Better Dataset Combination: If the goal is to achieve good balance between distant and close shots, careful balanced training with data from both domains is needed. If possible, methods like domain adaptation or transfer learning could be explored to improve knowledge transferability between datasets.

Augmentation Realism: Vertical flipping may be useful in specific cases, but its impact should be examined to determine if it's sufficiently significant. Horizontal flipping might not be the most appropriate technique for this problem, as the nature of the data suggests drones are rarely viewed under such conditions.

Separate Models Consideration: Instead of one model trying to generalize, two models could be used, each specialized for a different domain. This could be useful if the application allows automatic recognition of image context.

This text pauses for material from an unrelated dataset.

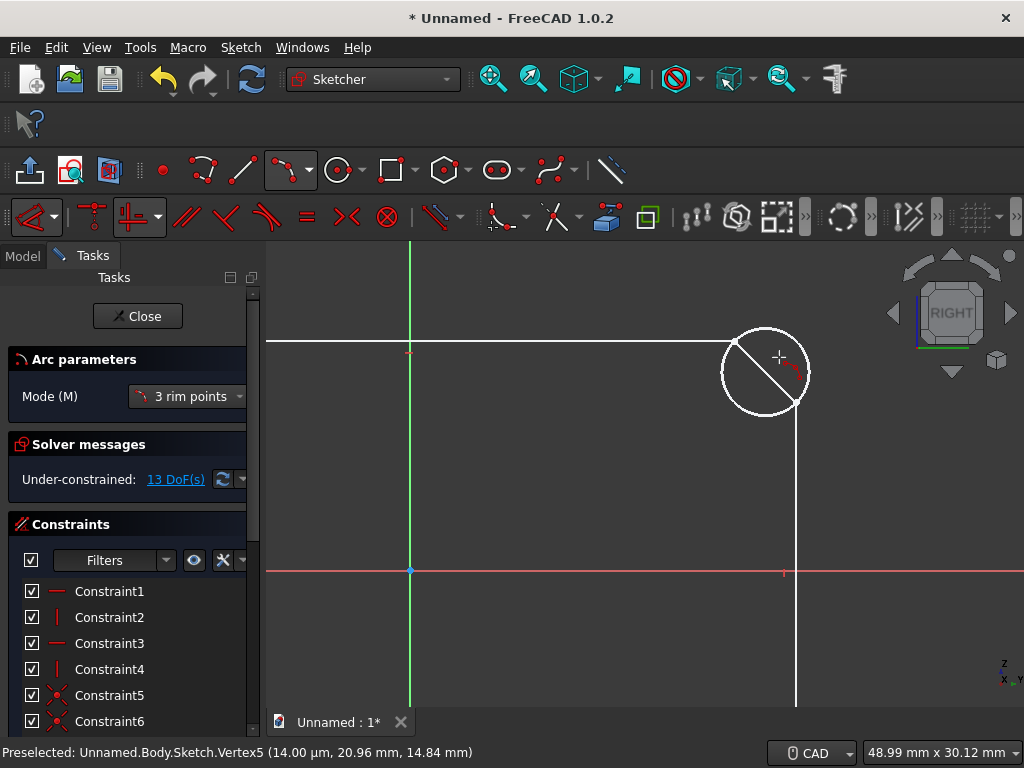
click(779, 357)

Creative Augmentations: Instead of just flipping, other techniques like random cropping, scaling, rotation, or photometric augmentations like color jittering could be explored. This may help achieve better generalization across different lighting and viewing angles.

More Diverse Data Collection: If possible, collecting more images covering all variants—from distant and cloudy to close and clear, in different weather conditions—is needed. This would help the model be more balanced without needing special specialization.

Gallery

Discussion & Notes

Why did horizontal flipping reduce performance?

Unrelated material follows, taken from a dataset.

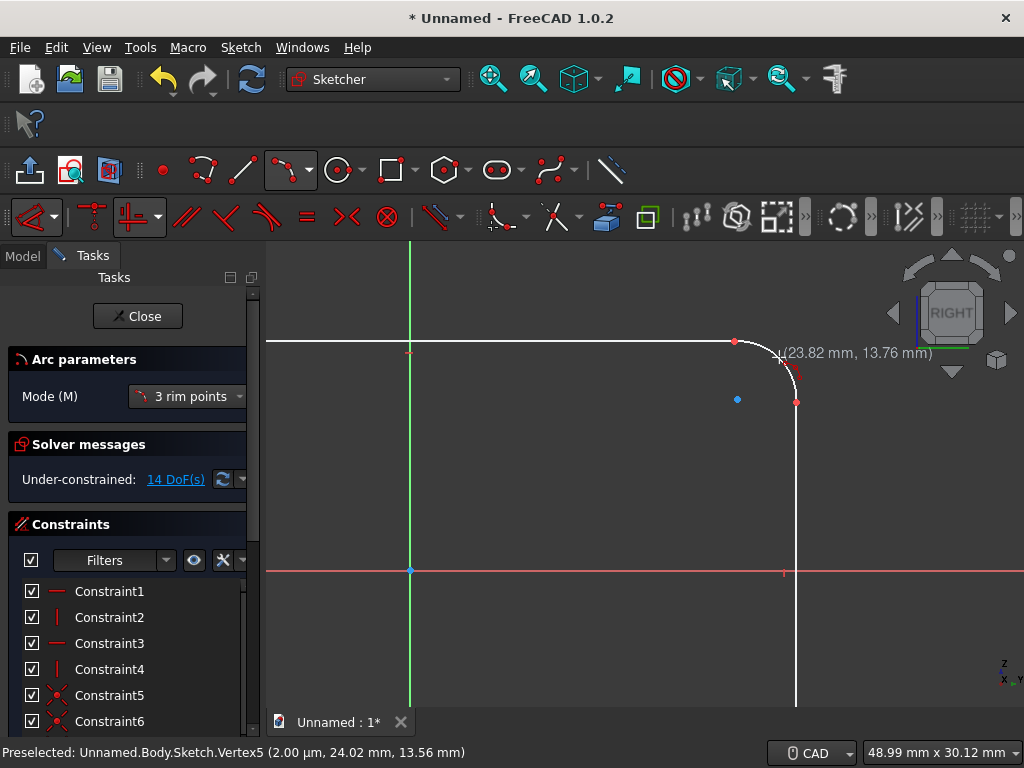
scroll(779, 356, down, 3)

Horizontal flipping introduced unrealistic drone orientations not present in real-world scenarios. The augmentation confused the model rather than helping it generalize, demonstrating that augmentations must reflect actual data variations.

Which model should be used in production?

Model 4 is best for diverse conditions with close and clear images. Models 1-2 are better for distant, cloudy scenarios. Consider using separate models for different deployment contexts or combining datasets for a more balanced model.

How were the datasets different?

Anti-UAV contains distant, cloudy, lower-resolution shots while VisioDECT has closer, higher-resolution images with diverse weather conditions (sunny, rainy, nighttime). This domain difference significantly impacted model specialization.

Results

Successfully trained and evaluated four YOLOv8 models for drone detection. Model 4 (with VisioDECT integration) achieved best overall performance with 99% precision and recall. Analysis revealed that dataset diversity impacts performance more than simple geometric augmentations.

Best Precision: 99 %
Best Recall: 99 %
Best mAP@50: 99-100 %
Best mAP@50-95: 70 %

Planned Enhancements

Real-Time Video Detection

high

Implement real-time drone detection and tracking in video streams with optimized inference speed for live monitoring applications.

Domain Adaptation Techniques

high

Apply advanced domain adaptation methods to improve model transferability between different environmental conditions and camera setups.

Multi-Drone Tracking

medium

Extend detection to simultaneous tracking of multiple drones with unique ID assignment and trajectory prediction.

Mobile Deployment

medium

Optimize model for mobile and edge devices using quantization and pruning techniques for on-device inference.

Safety Notes

Ensure proper GPU memory management during training. Use appropriate batch sizes to prevent out-of-memory errors. Validate model predictions before deployment in security-critical applications. Consider ethical implications of drone detection systems.